**EXERCISE MATERIALS:**
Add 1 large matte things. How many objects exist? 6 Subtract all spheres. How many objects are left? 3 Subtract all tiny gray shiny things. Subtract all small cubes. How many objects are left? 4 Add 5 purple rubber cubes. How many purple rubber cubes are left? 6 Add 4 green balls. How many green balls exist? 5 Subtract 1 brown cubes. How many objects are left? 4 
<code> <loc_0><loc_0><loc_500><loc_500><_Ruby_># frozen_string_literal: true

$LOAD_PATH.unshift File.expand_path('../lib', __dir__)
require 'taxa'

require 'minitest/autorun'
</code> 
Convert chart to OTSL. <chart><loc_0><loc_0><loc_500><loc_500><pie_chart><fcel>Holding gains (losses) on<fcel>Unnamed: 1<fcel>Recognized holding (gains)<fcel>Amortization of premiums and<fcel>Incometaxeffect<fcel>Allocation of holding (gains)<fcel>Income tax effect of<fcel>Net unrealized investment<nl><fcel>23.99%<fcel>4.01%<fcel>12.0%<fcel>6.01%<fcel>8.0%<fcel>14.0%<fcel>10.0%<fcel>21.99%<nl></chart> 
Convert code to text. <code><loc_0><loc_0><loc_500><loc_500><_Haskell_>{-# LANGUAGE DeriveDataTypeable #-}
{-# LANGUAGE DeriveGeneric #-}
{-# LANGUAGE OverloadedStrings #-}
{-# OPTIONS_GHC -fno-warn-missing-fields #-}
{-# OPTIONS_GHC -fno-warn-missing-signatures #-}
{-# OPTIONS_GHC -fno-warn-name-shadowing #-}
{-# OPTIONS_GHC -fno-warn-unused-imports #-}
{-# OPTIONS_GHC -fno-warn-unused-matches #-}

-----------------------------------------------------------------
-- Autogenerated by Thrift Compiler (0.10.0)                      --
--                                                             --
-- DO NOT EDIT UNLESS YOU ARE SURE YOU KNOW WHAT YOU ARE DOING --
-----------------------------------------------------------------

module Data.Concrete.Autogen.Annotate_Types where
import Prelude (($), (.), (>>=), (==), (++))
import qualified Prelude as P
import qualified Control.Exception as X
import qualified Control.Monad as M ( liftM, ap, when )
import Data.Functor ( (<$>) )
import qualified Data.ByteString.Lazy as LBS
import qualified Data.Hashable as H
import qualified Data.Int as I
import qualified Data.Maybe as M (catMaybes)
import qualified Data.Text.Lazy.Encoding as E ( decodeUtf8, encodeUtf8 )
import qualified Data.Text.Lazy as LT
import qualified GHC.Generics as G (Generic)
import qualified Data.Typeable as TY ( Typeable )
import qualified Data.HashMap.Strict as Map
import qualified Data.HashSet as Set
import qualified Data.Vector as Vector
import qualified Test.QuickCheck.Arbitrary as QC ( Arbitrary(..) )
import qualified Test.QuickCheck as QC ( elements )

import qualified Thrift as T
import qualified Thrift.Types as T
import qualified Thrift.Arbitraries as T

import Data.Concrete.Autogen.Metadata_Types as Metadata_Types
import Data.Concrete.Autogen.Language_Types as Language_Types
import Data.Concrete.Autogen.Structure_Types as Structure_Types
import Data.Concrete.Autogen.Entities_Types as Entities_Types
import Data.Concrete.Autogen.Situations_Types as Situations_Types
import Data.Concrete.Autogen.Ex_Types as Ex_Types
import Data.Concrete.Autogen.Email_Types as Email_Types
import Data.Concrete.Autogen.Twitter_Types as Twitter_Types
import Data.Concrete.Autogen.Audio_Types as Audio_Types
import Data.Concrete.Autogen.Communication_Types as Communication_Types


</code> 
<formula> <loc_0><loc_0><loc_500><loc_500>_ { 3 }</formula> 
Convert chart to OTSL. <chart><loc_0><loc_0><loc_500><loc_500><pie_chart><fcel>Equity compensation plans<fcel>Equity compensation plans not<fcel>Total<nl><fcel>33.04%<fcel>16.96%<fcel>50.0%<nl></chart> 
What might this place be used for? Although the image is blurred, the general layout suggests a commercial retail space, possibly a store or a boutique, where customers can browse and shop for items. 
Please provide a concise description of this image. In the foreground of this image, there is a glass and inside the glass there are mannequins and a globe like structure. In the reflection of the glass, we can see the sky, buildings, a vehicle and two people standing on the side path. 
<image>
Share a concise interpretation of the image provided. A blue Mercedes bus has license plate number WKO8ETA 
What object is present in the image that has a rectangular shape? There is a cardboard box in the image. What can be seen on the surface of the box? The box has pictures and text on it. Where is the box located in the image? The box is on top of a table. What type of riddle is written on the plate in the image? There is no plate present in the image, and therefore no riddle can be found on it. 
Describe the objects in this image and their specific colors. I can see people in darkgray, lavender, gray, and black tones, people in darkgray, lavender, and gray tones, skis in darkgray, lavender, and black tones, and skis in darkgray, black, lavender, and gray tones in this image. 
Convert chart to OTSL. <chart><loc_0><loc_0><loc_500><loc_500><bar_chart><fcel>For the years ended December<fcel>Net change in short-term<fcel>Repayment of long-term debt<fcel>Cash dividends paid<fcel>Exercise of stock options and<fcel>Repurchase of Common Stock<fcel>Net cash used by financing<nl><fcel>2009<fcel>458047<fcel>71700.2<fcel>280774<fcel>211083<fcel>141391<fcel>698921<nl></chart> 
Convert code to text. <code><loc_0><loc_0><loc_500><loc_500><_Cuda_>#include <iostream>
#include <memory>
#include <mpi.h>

**YOUR GOAL:**
Repeat the records exactly, including every line.

**PROBLEM SOLUTION:**
Add 1 large matte things. How many objects exist? 6 Subtract all spheres. How many objects are left? 3 Subtract all tiny gray shiny things. Subtract all small cubes. How many objects are left? 4 Add 5 purple rubber cubes. How many purple rubber cubes are left? 6 Add 4 green balls. How many green balls exist? 5 Subtract 1 brown cubes. How many objects are left? 4 
<code> <loc_0><loc_0><loc_500><loc_500><_Ruby_># frozen_string_literal: true

$LOAD_PATH.unshift File.expand_path('../lib', __dir__)
require 'taxa'

require 'minitest/autorun'
</code> 
Convert chart to OTSL. <chart><loc_0><loc_0><loc_500><loc_500><pie_chart><fcel>Holding gains (losses) on<fcel>Unnamed: 1<fcel>Recognized holding (gains)<fcel>Amortization of premiums and<fcel>Incometaxeffect<fcel>Allocation of holding (gains)<fcel>Income tax effect of<fcel>Net unrealized investment<nl><fcel>23.99%<fcel>4.01%<fcel>12.0%<fcel>6.01%<fcel>8.0%<fcel>14.0%<fcel>10.0%<fcel>21.99%<nl></chart> 
Convert code to text. <code><loc_0><loc_0><loc_500><loc_500><_Haskell_>{-# LANGUAGE DeriveDataTypeable #-}
{-# LANGUAGE DeriveGeneric #-}
{-# LANGUAGE OverloadedStrings #-}
{-# OPTIONS_GHC -fno-warn-missing-fields #-}
{-# OPTIONS_GHC -fno-warn-missing-signatures #-}
{-# OPTIONS_GHC -fno-warn-name-shadowing #-}
{-# OPTIONS_GHC -fno-warn-unused-imports #-}
{-# OPTIONS_GHC -fno-warn-unused-matches #-}

-----------------------------------------------------------------
-- Autogenerated by Thrift Compiler (0.10.0)                      --
--                                                             --
-- DO NOT EDIT UNLESS YOU ARE SURE YOU KNOW WHAT YOU ARE DOING --
-----------------------------------------------------------------

module Data.Concrete.Autogen.Annotate_Types where
import Prelude (($), (.), (>>=), (==), (++))
import qualified Prelude as P
import qualified Control.Exception as X
import qualified Control.Monad as M ( liftM, ap, when )
import Data.Functor ( (<$>) )
import qualified Data.ByteString.Lazy as LBS
import qualified Data.Hashable as H
import qualified Data.Int as I
import qualified Data.Maybe as M (catMaybes)
import qualified Data.Text.Lazy.Encoding as E ( decodeUtf8, encodeUtf8 )
import qualified Data.Text.Lazy as LT
import qualified GHC.Generics as G (Generic)
import qualified Data.Typeable as TY ( Typeable )
import qualified Data.HashMap.Strict as Map
import qualified Data.HashSet as Set
import qualified Data.Vector as Vector
import qualified Test.QuickCheck.Arbitrary as QC ( Arbitrary(..) )
import qualified Test.QuickCheck as QC ( elements )

import qualified Thrift as T
import qualified Thrift.Types as T
import qualified Thrift.Arbitraries as T

import Data.Concrete.Autogen.Metadata_Types as Metadata_Types
import Data.Concrete.Autogen.Language_Types as Language_Types
import Data.Concrete.Autogen.Structure_Types as Structure_Types
import Data.Concrete.Autogen.Entities_Types as Entities_Types
import Data.Concrete.Autogen.Situations_Types as Situations_Types
import Data.Concrete.Autogen.Ex_Types as Ex_Types
import Data.Concrete.Autogen.Email_Types as Email_Types
import Data.Concrete.Autogen.Twitter_Types as Twitter_Types
import Data.Concrete.Autogen.Audio_Types as Audio_Types
import Data.Concrete.Autogen.Communication_Types as Communication_Types


</code> 
<formula> <loc_0><loc_0><loc_500><loc_500>_ { 3 }</formula> 
Convert chart to OTSL. <chart><loc_0><loc_0><loc_500><loc_500><pie_chart><fcel>Equity compensation plans<fcel>Equity compensation plans not<fcel>Total<nl><fcel>33.04%<fcel>16.96%<fcel>50.0%<nl></chart> 
What might this place be used for? Although the image is blurred, the general layout suggests a commercial retail space, possibly a store or a boutique, where customers can browse and shop for items. 
Please provide a concise description of this image. In the foreground of this image, there is a glass and inside the glass there are mannequins and a globe like structure. In the reflection of the glass, we can see the sky, buildings, a vehicle and two people standing on the side path. 
<image>
Share a concise interpretation of the image provided. A blue Mercedes bus has license plate number WKO8ETA 
What object is present in the image that has a rectangular shape? There is a cardboard box in the image. What can be seen on the surface of the box? The box has pictures and text on it. Where is the box located in the image? The box is on top of a table. What type of riddle is written on the plate in the image? There is no plate present in the image, and therefore no riddle can be found on it. 
Describe the objects in this image and their specific colors. I can see people in darkgray, lavender, gray, and black tones, people in darkgray, lavender, and gray tones, skis in darkgray, lavender, and black tones, and skis in darkgray, black, lavender, and gray tones in this image. 
Convert chart to OTSL. <chart><loc_0><loc_0><loc_500><loc_500><bar_chart><fcel>For the years ended December<fcel>Net change in short-term<fcel>Repayment of long-term debt<fcel>Cash dividends paid<fcel>Exercise of stock options and<fcel>Repurchase of Common Stock<fcel>Net cash used by financing<nl><fcel>2009<fcel>458047<fcel>71700.2<fcel>280774<fcel>211083<fcel>141391<fcel>698921<nl></chart> 
Convert code to text. <code><loc_0><loc_0><loc_500><loc_500><_Cuda_>#include <iostream>
#include <memory>
#include <mpi.h>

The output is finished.